Many of Li Juan’s works are based on her personal experiences. This piece tells us about an extremely tough winter, that lasted five months. It shows how resilient and resourceful the writer was: what she ate and what she did – within a small, isolated world: the four walls of her house and garden.

I liked the piece because firstly, it is set within a context that is understandable. We may have experienced an incident of extreme weather or heard about it on the news too. However, this story also reveals hardships beyond this comprehension – imagine eating a spindle, for example. This was so startling, I had to read the sentence twice to make sure I’d understood it right.

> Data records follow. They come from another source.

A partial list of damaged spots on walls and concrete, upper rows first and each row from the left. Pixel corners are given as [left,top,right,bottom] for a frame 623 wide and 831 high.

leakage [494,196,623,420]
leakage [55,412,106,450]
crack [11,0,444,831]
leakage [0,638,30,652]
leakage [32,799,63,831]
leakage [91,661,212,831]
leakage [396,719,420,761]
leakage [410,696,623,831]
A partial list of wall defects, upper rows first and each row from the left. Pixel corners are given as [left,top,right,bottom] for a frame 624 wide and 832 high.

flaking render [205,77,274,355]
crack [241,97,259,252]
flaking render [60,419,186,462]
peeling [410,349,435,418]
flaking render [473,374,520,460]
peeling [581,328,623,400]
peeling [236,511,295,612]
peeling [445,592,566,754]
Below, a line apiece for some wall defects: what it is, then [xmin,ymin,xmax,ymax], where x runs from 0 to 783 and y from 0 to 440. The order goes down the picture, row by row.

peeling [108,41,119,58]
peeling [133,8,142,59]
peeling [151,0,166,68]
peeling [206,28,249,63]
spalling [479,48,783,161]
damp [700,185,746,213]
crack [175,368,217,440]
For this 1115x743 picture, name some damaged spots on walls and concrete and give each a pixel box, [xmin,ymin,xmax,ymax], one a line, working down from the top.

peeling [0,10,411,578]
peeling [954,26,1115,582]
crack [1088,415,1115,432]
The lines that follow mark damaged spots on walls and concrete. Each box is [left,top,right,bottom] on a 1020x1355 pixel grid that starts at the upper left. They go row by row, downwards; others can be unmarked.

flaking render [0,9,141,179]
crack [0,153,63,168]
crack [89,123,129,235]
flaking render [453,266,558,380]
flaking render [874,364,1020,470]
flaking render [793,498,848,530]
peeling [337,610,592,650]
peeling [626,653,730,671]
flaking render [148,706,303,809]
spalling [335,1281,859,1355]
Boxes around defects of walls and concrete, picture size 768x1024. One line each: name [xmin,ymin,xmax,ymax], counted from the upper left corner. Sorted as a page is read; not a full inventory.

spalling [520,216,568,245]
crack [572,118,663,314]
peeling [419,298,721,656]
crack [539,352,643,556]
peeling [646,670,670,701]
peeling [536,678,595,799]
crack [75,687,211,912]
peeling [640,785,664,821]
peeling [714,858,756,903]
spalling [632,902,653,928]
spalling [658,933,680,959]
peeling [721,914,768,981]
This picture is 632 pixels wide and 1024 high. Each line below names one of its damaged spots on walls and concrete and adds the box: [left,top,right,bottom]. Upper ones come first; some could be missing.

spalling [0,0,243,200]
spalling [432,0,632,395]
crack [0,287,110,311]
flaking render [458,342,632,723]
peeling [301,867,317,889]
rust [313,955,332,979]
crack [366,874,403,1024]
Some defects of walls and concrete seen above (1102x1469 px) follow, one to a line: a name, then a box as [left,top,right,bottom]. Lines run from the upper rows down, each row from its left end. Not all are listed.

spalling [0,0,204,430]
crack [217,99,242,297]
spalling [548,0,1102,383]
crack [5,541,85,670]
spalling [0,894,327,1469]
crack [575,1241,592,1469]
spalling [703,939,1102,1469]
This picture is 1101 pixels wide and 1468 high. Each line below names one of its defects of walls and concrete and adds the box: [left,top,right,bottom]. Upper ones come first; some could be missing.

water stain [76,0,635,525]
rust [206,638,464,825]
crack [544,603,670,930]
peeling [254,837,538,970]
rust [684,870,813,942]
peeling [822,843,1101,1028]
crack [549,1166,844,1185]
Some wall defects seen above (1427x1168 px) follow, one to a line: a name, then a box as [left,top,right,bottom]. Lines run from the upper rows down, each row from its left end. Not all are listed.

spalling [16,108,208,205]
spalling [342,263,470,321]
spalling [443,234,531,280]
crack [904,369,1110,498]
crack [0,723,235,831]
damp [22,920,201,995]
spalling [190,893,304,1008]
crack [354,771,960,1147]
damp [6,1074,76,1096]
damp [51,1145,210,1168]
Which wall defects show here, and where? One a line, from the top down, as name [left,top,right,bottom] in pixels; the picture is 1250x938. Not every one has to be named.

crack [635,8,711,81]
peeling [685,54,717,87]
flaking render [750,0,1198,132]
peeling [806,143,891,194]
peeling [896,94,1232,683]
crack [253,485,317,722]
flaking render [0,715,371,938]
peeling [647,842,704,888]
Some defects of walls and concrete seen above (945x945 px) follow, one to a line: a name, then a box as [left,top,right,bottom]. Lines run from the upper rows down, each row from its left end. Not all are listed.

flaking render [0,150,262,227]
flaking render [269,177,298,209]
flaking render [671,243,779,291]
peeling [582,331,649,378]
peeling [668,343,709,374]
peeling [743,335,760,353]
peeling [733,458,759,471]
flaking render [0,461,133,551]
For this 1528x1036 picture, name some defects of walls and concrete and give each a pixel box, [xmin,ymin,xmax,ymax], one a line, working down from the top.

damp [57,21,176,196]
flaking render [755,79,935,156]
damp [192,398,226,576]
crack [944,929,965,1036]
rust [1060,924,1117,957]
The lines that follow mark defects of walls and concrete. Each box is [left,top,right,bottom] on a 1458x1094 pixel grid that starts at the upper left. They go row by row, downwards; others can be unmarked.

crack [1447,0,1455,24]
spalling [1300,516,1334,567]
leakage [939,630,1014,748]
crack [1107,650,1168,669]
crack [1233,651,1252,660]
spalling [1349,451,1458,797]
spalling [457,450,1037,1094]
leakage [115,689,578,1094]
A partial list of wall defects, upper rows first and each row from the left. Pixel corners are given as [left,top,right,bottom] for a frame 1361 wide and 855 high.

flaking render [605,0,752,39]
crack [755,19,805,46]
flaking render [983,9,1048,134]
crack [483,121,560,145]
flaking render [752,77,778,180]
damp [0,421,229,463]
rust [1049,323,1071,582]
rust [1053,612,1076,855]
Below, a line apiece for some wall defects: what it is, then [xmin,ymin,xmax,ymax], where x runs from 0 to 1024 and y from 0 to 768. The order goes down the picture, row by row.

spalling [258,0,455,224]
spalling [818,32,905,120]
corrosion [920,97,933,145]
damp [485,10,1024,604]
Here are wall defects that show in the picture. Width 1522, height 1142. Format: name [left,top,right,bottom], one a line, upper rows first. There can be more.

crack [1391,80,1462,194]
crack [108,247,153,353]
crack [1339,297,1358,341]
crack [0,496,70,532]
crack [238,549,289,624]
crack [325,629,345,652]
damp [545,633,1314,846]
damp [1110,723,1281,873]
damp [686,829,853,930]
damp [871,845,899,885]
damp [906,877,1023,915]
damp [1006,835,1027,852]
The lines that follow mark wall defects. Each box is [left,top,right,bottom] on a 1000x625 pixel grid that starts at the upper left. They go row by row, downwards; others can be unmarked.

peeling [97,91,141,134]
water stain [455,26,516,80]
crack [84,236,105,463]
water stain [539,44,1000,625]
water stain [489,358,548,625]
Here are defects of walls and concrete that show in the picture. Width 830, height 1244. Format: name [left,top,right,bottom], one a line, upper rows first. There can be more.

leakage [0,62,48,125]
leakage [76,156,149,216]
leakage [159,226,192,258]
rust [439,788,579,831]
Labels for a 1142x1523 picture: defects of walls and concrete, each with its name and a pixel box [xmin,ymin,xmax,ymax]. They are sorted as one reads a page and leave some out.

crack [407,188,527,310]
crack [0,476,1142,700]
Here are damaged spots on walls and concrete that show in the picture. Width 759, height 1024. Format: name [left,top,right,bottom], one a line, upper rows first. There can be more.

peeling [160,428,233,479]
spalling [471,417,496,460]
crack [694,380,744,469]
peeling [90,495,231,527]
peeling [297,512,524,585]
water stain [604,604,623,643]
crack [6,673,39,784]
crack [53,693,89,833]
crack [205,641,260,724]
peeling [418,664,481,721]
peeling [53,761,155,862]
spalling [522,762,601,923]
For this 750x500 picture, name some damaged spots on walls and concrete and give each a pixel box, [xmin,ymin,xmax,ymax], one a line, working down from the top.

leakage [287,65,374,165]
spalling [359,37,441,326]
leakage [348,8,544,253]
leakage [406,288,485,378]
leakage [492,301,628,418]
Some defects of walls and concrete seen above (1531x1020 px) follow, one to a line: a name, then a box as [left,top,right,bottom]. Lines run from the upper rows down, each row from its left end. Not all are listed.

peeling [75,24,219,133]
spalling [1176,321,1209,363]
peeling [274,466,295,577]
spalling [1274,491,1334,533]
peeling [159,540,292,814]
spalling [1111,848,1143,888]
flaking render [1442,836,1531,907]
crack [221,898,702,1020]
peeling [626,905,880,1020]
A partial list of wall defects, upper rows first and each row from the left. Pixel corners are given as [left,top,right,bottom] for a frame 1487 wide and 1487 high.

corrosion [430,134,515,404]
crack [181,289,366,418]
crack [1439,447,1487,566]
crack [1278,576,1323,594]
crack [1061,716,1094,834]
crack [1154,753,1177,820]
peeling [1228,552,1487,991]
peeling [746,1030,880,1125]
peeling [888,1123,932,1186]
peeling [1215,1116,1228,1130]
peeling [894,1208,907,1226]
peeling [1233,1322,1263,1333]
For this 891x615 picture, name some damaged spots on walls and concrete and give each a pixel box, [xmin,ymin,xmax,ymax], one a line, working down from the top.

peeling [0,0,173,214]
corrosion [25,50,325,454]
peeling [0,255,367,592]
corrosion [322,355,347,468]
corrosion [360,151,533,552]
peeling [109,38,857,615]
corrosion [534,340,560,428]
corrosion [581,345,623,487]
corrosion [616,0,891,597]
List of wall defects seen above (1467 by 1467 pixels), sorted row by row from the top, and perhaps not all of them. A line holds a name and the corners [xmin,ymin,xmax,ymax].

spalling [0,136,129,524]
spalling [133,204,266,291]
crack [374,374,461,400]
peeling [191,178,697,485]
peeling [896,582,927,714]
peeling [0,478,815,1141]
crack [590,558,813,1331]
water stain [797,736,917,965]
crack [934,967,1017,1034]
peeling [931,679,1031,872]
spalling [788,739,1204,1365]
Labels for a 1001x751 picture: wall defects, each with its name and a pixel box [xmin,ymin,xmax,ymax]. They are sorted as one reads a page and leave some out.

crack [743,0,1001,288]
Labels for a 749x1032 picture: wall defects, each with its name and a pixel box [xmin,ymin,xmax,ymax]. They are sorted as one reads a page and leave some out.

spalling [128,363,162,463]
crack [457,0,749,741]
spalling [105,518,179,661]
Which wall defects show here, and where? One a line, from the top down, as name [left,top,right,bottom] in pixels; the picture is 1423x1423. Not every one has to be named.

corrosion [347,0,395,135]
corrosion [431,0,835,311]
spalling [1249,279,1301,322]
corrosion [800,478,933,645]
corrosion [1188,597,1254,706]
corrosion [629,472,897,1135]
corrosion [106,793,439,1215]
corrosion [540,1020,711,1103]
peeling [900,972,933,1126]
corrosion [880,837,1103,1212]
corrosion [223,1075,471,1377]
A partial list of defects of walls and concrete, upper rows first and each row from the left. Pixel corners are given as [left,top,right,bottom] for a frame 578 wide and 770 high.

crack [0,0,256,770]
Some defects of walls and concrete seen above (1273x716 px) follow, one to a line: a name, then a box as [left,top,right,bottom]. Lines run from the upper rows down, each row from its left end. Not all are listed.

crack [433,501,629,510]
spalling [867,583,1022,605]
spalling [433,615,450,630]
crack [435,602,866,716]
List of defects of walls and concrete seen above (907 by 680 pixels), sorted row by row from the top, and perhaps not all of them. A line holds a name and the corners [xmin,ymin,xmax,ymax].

Secondly, the question of where the writer’s stepfather had buried the turnips provided the piece with a sense of mystery and a hope that they would be found. It also acted as a thread for the story – the turnips were there at the beginning, middle and end. Plus, what seemed so important during the winter (finding the turnips) became something of an  afterthought once the hard times had ended and life had moved on. Again, this too seems relatable: what seems so intensely important today is but a footnote tomorrow.

I would recommend the piece because it provides the reader with a window into history. Before I read it, I knew nothing about the Winter of 2009. The writer’s memories inspired me to delve further into the time so I could learn more about it: the geography and the wider historical context of the event.

Plus it is a human story, told with a sense of humour in difficult times – for example, how the stepdaughter communicated with her stepfather once he’d had a stroke; and how her mother wasn’t pleased at her daughter’s efforts to preserve the motorbike.

Overall, the piece allows us to observe, understand and learn about a really difficult time – and come out the other side of it. Comprehensible, historical, geographical and human.  All rolled into one.